Mixing laziness and side effects makes it difficult to predict the order in which side effects occur. This is not such a problem in the simple example above, but a new problem does arise.

  1. What printed output does evaluating test () produce? What result value does it produce? Does this violate (at least the spirit of) our definition for promises? Run the code to confirm your prediction. You do not need to submit an answer to this part.
  2. Improve the implementation of Promise to ensure that the thunk truly is called at most once. You will want to extend the implementation of the 'a Promise.t datatype and the Promise.force function to handle the case where the thunk has been called but resulted in an exception. When promises in such state are forced again, the force operation should immediately raise the same exception that was raised the first time the promise was forced, without calling the thunk again. When your implementation is complete, a call of test should print This is call #_ just once and should return the result value {calls=1, x=~1, y=~1}. It will help to recall that exceptions are just contructors of the special datatype exn.

Submission

Submit: The course staff will collect your work directly from your hosted repository. To submit your work:

  1. Test your source code files one last time. Make sure that, at a minimum, submitted source code is free of syntax errors and any other static errors (such as static type errors or name/scope errors). In other words: the code does not need to complete the correct computation when invoked, but it must be a valid program. We will not grade files that do not pass this bar.

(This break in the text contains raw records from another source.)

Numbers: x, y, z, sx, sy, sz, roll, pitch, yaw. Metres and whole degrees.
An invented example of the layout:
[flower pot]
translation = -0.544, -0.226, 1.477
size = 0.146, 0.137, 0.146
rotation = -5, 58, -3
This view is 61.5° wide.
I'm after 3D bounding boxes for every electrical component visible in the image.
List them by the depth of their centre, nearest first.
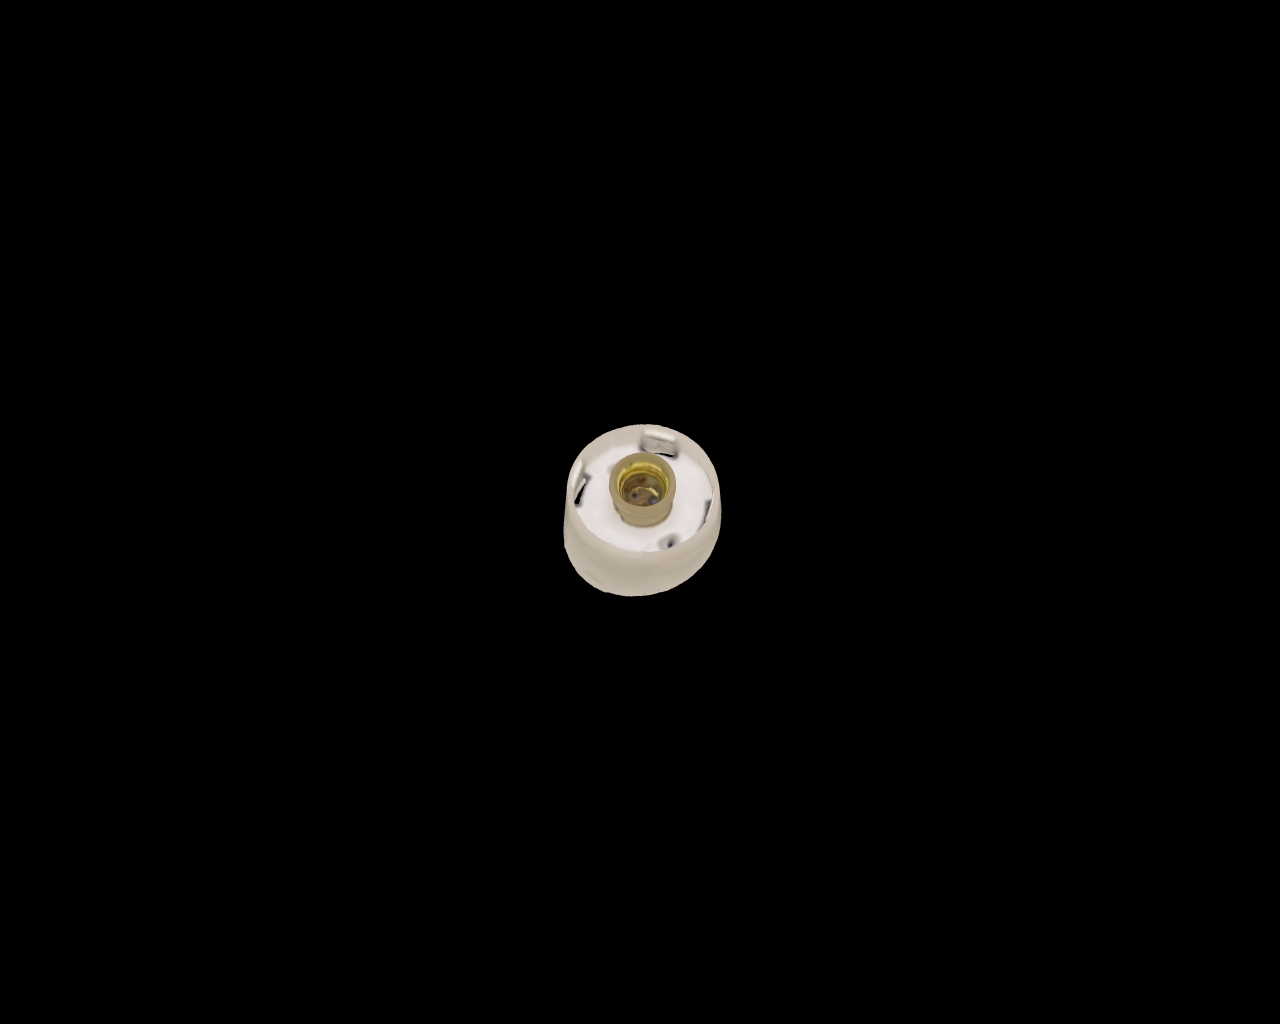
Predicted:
[electrical component]
translation = 0.001, -0.003, 0.650
size = 0.099, 0.099, 0.064
rotation = 0, -30, 0
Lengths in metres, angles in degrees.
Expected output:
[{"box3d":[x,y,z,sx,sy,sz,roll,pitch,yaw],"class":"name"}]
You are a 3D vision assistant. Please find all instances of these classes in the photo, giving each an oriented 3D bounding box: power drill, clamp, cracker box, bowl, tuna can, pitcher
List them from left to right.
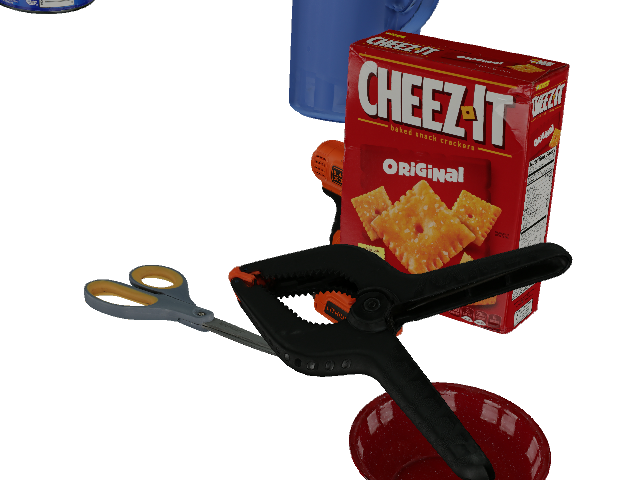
[{"box3d":[-0.207,-0.201,0.792,0.086,0.034,0.086,6,36,-4],"class":"tuna can"},{"box3d":[0.041,-0.226,0.929,0.145,0.243,0.149,7,15,7],"class":"pitcher"},{"box3d":[0.053,0.004,1.079,0.057,0.188,0.185,-9,25,-32],"class":"power drill"},{"box3d":[0.043,0.043,0.662,0.210,0.164,0.036,19,-32,27],"class":"clamp"},{"box3d":[0.100,-0.048,0.864,0.164,0.214,0.072,18,30,30],"class":"cracker box"},{"box3d":[0.103,0.185,0.869,0.162,0.055,0.162,1,30,-1],"class":"bowl"}]

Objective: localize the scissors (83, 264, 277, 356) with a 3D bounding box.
[{"box3d":[-0.098,0.056,0.886,0.202,0.016,0.096,12,25,15],"class":"scissors"}]
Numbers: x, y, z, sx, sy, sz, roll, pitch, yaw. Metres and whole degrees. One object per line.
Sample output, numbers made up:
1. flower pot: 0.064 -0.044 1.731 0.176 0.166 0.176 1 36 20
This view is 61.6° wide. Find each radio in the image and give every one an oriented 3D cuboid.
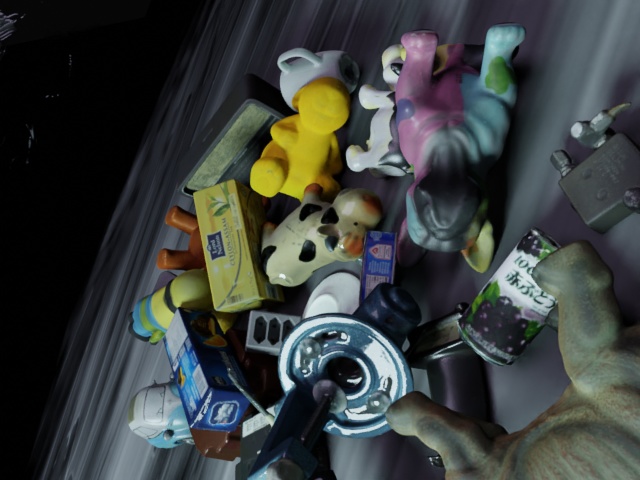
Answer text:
1. radio: -0.126 -0.147 0.881 0.229 0.131 0.073 -41 42 35

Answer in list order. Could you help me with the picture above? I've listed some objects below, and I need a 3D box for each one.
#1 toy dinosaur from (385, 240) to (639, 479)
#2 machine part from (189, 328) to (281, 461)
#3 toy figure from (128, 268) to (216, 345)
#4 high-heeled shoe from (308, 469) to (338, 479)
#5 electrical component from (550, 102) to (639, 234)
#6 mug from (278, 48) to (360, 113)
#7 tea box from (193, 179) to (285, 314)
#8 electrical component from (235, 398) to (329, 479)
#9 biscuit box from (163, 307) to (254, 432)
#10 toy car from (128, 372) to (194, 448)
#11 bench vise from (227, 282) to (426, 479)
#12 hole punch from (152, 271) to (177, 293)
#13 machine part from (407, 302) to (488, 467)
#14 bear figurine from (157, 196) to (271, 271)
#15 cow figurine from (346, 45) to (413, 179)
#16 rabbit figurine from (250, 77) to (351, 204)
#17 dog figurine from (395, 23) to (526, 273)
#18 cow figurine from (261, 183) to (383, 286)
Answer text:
1. toy dinosaur: 0.196 0.103 0.314 0.471 0.105 0.199 -49 47 19
2. machine part: -0.126 0.213 0.752 0.179 0.056 0.179 -32 48 44
3. toy figure: -0.232 0.107 0.841 0.180 0.089 0.082 -26 87 24
4. high-heeled shoe: 0.045 0.288 0.414 0.249 0.086 0.145 20 46 35
5. electrical component: 0.222 -0.053 0.411 0.078 0.045 0.102 -38 44 36
6. mug: -0.002 -0.244 0.790 0.107 0.109 0.081 -5 56 42
7. tea box: -0.112 0.012 0.748 0.068 0.098 0.169 -19 73 13
8. electrical component: -0.046 0.259 0.611 0.115 0.058 0.134 -39 43 40
9. biscuit box: -0.152 0.163 0.706 0.059 0.062 0.203 -63 32 10
10. toy car: -0.250 0.270 0.856 0.162 0.103 0.109 -32 47 40
11. bench vise: -0.005 0.144 0.470 0.223 0.129 0.240 -40 2 25
12. hole punch: -0.226 0.123 0.934 0.116 0.092 0.142 25 91 26
13. machine part: 0.115 0.129 0.474 0.084 0.039 0.139 -31 46 32
14. bear figurine: -0.170 -0.009 0.876 0.196 0.132 0.120 -24 54 55
15. cow figurine: 0.097 -0.155 0.626 0.098 0.068 0.167 5 80 50
16. rabbit figurine: -0.003 -0.144 0.720 0.162 0.122 0.173 -71 5 -45
17. dog figurine: 0.124 -0.081 0.513 0.191 0.109 0.219 -38 -49 -76
18. cow figurine: -0.001 -0.002 0.668 0.195 0.085 0.127 -35 40 37
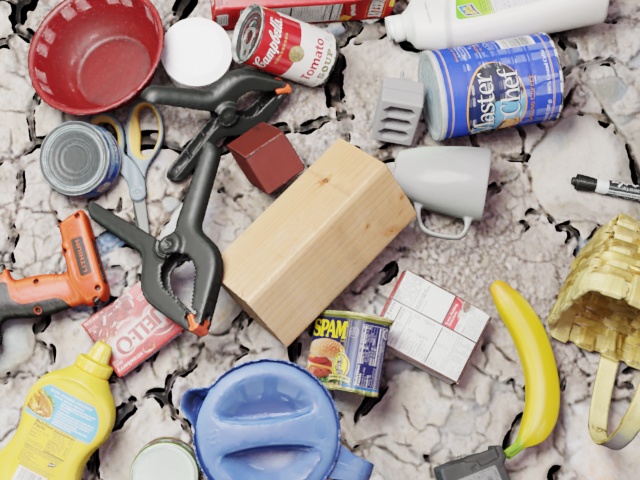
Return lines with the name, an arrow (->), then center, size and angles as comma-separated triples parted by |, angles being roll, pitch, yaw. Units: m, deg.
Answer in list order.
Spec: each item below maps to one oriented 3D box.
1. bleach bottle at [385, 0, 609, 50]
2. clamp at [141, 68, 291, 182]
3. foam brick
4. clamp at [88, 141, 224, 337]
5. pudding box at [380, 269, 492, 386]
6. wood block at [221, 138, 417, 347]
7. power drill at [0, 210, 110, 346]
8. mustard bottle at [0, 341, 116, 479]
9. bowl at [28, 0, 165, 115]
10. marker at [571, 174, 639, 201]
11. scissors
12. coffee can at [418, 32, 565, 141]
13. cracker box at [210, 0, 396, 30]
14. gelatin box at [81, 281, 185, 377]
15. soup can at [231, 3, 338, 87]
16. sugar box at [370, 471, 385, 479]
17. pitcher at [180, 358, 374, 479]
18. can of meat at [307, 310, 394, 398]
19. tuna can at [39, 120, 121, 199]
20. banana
bleach bottle -> 0.199, -0.275, 1.239 | 0.251, 0.068, 0.102 | -12, 55, 0
clamp -> -0.117, -0.150, 1.189 | 0.171, 0.120, 0.039 | -34, 47, -12
foam brick -> -0.060, -0.092, 1.182 | 0.053, 0.078, 0.051 | -35, 113, -8
clamp -> -0.148, 0.001, 1.134 | 0.164, 0.036, 0.210 | -33, 62, 8
pudding box -> 0.122, 0.098, 1.191 | 0.113, 0.039, 0.090 | 28, 81, 3
wood block -> -0.008, 0.001, 1.155 | 0.206, 0.090, 0.091 | -45, 43, -9
power drill -> -0.336, 0.030, 1.164 | 0.187, 0.057, 0.184 | -18, 85, -4
mustard bottle -> -0.272, 0.196, 1.131 | 0.096, 0.058, 0.191 | 26, 86, 6
bowl -> -0.241, -0.202, 1.193 | 0.162, 0.055, 0.162 | -5, 69, 13
marker -> 0.351, -0.058, 1.239 | 0.121, 0.020, 0.020 | 10, 80, -2
scissors -> -0.224, -0.062, 1.206 | 0.096, 0.016, 0.202 | 7, 80, -1
coffee can -> 0.191, -0.173, 1.205 | 0.140, 0.103, 0.103 | -10, 82, -6
cracker box -> -0.026, -0.338, 1.234 | 0.213, 0.072, 0.164 | -5, 82, -5
gelatin box -> -0.205, 0.096, 1.174 | 0.089, 0.030, 0.073 | -36, 85, -8
soup can -> -0.039, -0.216, 1.196 | 0.102, 0.069, 0.068 | 14, 79, -31
sugar box -> 0.009, 0.330, 1.142 | 0.176, 0.048, 0.093 | -28, 84, -6
pitcher -> -0.046, 0.195, 1.060 | 0.145, 0.243, 0.149 | -24, 83, -7
can of meat -> 0.029, 0.121, 1.149 | 0.057, 0.102, 0.084 | 14, 82, -29
tuna can -> -0.267, -0.090, 1.186 | 0.086, 0.033, 0.086 | 0, 89, 11
banana -> 0.231, 0.141, 1.185 | 0.069, 0.037, 0.198 | 2, 77, -25
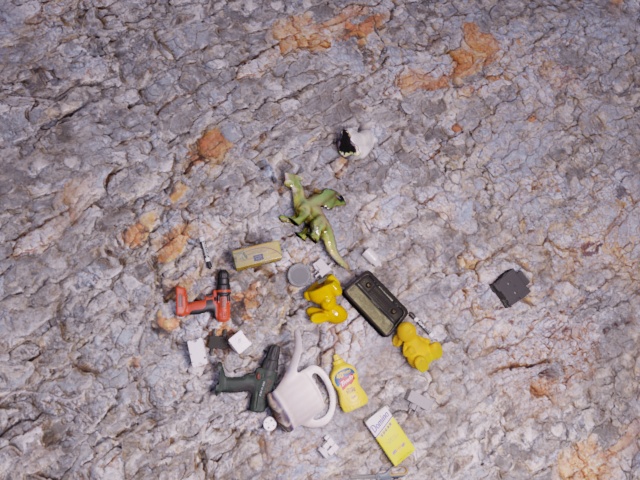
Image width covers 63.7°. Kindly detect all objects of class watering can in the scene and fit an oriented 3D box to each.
[{"bbox_3d":[-0.080,0.493,1.730,0.226,0.104,0.345,-29,100,-20],"label":"watering can"}]

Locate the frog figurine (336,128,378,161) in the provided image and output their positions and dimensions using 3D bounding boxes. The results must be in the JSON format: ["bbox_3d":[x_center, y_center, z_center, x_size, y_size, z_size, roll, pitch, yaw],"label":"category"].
[{"bbox_3d":[0.144,-0.384,2.021,0.138,0.120,0.161,46,40,12],"label":"frog figurine"}]

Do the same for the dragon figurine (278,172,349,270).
[{"bbox_3d":[0.006,-0.097,1.918,0.411,0.120,0.246,40,67,2],"label":"dragon figurine"}]

  2. Make sure you have committed your latest changes.

    $ git add ...
    $ git commit ...
  3. Run the command cs251 sign to sign your work and respond to any assignment survey questions.

    $ cs251 sign
  4. Push your signature and your latest local commits to the hosted repository.

    $ git push

Confirm: All local changes have been submitted if the output of git status shows both:

  • Your branch is up to date with 'origin/master', meaning all local commits have been pushed
  • nothing to commit, meaning all local changes have been committed

Resubmit: If you realize you need to change something later, just repeat this process.